Violences et insécurité en Afrique. La presse occidentale en amplificateur et tribune dévouée

Avec sa dernière publication sur la crise anglophone en fin de semaine dernière, le très respecté New York Times, dans sa version électronique, déroule carrément le tapis à un certain Cho Ayaba, que les confrères présentent eux-mêmes comme étant l’un des principaux meneurs des violences dans les régions anglophones du Cameroun, depuis sa cachette occidentale. Une fois de plus, l’on est en pleine partie apologétique.

Charles ABEGA

Un article qui heurterait la sensibilité de plus d’un observateur tant le quotidien de notoriété déroulait, dans l’une de ses publications de la fin de semaine écoulée, le tapis rouge à un terroriste, pas différent de tous ceux de la même classe, que les Etats-Unis eux-mêmes et leurs alliés de l’OTAN traquent à travers la planète. Légitimerait-on les activités terroristes et leurs auteurs parce qu’à un moment, elles pourraient servir les intérêts occidentaux ? Sinon comment justifier que les autorités américaines, responsables d’un pays sensé entretenir de bonne relations diplomatiques, socioéconomiques avec le Cameroun, hébergent, entretiennent et donnent même officiellement la parole à des ennemis de la république homologue et souveraine d’Afrique centrale ? Drôle de paradoxe ! Surtout que tous ces activistes, aujourd’hui officiellement présentés comme les principaux auteurs des exactions dans les régions du Nord-Ouest et du sud-Ouest ne se cachent guère et évoluent en toute liberté sur les sols de tous ces pays d’accueil, sans jamais avoir été inquiétés le moins du monde, pour la nature de ces activités fortement prohibées par toutes les démocraties à travers le monde.
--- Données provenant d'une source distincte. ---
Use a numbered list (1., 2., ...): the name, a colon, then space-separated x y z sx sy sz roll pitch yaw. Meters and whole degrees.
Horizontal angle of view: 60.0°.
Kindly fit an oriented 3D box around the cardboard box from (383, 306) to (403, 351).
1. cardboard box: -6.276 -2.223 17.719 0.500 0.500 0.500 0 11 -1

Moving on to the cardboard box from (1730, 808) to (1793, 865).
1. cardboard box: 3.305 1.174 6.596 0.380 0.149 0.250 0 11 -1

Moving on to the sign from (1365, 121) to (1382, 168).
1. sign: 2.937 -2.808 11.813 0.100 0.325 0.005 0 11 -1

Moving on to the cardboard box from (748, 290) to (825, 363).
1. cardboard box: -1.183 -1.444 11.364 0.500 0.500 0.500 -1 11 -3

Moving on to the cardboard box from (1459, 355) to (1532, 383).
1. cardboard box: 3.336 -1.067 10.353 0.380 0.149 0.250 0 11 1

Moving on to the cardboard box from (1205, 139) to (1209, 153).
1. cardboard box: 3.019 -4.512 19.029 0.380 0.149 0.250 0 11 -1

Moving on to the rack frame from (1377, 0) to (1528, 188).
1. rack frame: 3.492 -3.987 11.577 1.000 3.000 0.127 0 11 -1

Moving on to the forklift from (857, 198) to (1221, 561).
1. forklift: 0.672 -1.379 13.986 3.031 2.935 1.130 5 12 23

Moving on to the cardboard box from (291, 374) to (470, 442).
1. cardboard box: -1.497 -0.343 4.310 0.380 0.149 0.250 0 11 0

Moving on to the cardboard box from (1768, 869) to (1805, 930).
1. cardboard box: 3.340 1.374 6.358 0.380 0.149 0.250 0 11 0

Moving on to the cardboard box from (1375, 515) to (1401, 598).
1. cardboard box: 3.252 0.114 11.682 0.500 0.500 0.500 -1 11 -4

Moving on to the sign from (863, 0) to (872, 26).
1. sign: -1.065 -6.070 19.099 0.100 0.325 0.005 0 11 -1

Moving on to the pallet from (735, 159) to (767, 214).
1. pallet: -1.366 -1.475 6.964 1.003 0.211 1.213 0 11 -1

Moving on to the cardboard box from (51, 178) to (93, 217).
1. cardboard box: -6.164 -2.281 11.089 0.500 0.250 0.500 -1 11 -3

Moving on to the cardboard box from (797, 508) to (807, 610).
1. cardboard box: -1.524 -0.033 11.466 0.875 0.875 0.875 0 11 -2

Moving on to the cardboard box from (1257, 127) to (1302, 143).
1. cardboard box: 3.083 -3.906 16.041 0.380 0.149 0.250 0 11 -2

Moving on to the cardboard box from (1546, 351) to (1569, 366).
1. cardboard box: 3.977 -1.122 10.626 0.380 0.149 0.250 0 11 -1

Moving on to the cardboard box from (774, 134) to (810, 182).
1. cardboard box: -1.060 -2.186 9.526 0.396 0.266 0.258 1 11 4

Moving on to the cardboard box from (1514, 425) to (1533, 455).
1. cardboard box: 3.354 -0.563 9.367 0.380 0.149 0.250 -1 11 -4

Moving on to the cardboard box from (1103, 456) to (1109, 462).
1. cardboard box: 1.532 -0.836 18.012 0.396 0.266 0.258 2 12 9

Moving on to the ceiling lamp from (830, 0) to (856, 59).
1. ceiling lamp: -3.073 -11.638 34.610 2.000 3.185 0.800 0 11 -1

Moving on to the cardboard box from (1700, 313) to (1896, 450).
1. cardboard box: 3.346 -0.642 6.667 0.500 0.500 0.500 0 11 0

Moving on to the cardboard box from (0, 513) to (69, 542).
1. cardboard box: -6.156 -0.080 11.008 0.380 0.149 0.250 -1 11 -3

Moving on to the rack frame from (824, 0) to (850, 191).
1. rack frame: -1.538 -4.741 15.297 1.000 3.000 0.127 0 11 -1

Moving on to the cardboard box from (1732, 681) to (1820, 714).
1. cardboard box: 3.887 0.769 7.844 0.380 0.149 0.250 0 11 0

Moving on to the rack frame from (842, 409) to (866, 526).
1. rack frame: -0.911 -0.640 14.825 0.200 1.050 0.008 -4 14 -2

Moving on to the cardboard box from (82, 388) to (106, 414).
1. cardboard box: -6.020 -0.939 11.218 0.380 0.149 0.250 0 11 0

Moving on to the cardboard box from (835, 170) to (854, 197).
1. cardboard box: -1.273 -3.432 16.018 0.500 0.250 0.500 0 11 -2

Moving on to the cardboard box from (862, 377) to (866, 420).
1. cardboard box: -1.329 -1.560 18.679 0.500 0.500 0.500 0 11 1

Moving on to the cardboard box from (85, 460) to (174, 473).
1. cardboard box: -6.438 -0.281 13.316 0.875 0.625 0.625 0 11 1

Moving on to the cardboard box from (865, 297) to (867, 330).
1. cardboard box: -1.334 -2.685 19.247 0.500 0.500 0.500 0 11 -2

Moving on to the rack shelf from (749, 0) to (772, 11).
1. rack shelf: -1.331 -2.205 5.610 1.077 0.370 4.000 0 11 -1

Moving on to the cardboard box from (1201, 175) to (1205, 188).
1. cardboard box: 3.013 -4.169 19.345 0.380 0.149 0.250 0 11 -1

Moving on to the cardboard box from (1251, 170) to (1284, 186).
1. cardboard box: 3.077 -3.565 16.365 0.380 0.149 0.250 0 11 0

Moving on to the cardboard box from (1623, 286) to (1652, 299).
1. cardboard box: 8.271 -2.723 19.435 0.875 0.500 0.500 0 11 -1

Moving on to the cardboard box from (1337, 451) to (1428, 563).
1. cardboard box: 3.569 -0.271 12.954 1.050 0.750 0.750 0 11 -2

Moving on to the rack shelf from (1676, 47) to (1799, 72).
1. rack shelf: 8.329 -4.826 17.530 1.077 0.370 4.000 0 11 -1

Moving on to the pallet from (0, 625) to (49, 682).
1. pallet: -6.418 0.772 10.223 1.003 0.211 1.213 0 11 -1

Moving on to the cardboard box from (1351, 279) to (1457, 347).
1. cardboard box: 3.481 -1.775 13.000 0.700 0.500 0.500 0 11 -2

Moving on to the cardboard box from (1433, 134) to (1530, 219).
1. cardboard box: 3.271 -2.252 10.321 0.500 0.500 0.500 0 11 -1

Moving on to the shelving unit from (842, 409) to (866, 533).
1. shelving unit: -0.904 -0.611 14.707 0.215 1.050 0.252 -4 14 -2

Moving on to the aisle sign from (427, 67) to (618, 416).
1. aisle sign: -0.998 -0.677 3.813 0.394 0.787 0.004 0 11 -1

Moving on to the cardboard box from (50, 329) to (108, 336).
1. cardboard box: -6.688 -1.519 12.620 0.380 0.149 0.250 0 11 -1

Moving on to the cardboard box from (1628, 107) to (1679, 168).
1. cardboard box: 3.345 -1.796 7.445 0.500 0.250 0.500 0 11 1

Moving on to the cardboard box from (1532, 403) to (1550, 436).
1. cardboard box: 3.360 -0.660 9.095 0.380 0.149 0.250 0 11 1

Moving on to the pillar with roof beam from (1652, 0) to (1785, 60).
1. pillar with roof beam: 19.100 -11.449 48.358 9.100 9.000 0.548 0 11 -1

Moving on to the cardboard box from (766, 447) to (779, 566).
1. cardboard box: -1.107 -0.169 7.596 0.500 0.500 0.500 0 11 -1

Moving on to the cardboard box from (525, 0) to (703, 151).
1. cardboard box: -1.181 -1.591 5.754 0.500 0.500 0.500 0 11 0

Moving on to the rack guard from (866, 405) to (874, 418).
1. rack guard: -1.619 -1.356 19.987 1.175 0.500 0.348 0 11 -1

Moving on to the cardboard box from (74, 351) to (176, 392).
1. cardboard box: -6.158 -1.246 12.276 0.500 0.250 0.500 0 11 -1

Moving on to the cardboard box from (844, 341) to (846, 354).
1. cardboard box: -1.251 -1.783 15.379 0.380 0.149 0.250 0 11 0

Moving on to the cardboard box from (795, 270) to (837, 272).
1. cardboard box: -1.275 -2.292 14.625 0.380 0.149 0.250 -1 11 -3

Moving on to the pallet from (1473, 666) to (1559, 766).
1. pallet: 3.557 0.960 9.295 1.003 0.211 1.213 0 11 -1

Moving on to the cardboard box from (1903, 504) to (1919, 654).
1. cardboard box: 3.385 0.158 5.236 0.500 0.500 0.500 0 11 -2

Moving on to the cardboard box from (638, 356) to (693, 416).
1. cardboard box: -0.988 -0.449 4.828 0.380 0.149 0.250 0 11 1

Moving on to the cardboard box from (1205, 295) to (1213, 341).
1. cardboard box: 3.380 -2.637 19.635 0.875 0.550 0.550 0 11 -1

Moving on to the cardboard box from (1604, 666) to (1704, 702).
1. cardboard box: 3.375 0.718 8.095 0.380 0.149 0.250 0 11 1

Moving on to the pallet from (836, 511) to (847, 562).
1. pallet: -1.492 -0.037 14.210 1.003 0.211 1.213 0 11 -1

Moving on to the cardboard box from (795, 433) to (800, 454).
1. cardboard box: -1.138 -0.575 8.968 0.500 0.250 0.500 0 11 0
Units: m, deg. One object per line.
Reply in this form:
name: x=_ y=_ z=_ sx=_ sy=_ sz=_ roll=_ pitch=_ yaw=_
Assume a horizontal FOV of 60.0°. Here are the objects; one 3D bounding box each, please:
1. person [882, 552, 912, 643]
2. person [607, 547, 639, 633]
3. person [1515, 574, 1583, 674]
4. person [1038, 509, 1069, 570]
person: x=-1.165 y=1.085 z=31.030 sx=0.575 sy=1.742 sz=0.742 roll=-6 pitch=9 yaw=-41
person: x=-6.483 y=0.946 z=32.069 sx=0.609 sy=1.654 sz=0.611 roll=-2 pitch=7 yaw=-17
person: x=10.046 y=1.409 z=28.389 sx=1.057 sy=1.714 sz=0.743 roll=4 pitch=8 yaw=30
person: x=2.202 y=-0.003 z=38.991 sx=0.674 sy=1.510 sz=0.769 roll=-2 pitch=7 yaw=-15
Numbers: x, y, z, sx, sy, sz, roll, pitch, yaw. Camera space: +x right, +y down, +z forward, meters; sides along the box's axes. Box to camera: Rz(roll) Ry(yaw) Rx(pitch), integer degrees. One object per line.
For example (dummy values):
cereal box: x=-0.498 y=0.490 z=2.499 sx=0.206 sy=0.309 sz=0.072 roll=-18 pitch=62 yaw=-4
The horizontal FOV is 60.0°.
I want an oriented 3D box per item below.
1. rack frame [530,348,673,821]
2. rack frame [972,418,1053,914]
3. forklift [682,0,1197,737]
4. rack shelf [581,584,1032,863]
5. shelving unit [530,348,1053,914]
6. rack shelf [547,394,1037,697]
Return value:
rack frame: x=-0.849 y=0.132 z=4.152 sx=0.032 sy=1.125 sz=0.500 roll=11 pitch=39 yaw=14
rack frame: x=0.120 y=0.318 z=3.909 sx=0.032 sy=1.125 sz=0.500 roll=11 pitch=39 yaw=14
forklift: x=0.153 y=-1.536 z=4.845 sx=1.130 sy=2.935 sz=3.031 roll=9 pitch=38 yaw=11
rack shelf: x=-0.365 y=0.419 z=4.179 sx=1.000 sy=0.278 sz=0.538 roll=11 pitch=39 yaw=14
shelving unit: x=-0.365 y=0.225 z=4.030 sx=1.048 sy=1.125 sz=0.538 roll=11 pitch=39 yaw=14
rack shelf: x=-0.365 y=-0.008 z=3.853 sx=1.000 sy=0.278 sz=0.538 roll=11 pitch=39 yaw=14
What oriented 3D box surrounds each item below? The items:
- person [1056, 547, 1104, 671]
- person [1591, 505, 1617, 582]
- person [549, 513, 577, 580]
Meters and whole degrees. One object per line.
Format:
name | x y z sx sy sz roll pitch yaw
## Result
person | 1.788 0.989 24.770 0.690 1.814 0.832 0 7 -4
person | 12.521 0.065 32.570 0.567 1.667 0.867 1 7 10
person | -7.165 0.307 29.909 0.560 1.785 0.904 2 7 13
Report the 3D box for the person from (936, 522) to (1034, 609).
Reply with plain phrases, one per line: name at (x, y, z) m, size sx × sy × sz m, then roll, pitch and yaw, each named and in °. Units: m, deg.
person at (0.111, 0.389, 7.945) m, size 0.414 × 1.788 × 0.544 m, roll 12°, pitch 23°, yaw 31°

Même sans lui avoir donné la parole, le New York Times, en présentant le sieur Cho Ayaba comme étant le commandant en chef des « Ambazonian Defense Forces », introduit de manière éhontée, le lecteur dans un univers nauséabond à la logique tronquée, où des voyous connus reçoivent une onction claire de la presse et d’officiels politiques. Le pire donc, ce média que l’on disait jusque-là sérieux, se compromettra totalement en piétinant l’éthique et la déontologie du métier de journaliste, en relayant et en commentant favorablement sur des colonnes denses, des propos recueillis auprès du bandit cité. Sur plusieurs lignes, le titre new yorkais permet à ce scélérat de traiter les Forces de Défense et de Sécurité loyalistes de forces d’occupation armées sur « leur territoire d’Ambazonie » ; lui permet aussi de parler d’une « armée et d’un peuple de l’Ambazonie », qui auraient plutôt pris les armes, en réaction à de supposées exactions de l’armée républicaine ; lui donne de prétendre que la majorité francophone aurait totalement mis au ban les anglophones depuis la Réunification en 1972. Des allégations toutes naturellement erronées puisque, les Camerounais de tous bords, indifféremment du patrimoine culturel hérité du colon Français ou Britannique dans lequel ils évolueraient, bénéficieraient des mêmes avantages, en toute circonstance.

De manière ouverte, la société américaine actuelle affiche donc encore une fois, son mépris pour la souveraineté d’un Etat qui pourtant, a toujours su démontrer toute sa loyauté dans le cadre de ses relations bilatérales avec les Etats-Unis. La bonne santé du multilatéralisme étant l’une des priorités de la démarche politique de Paul Biya.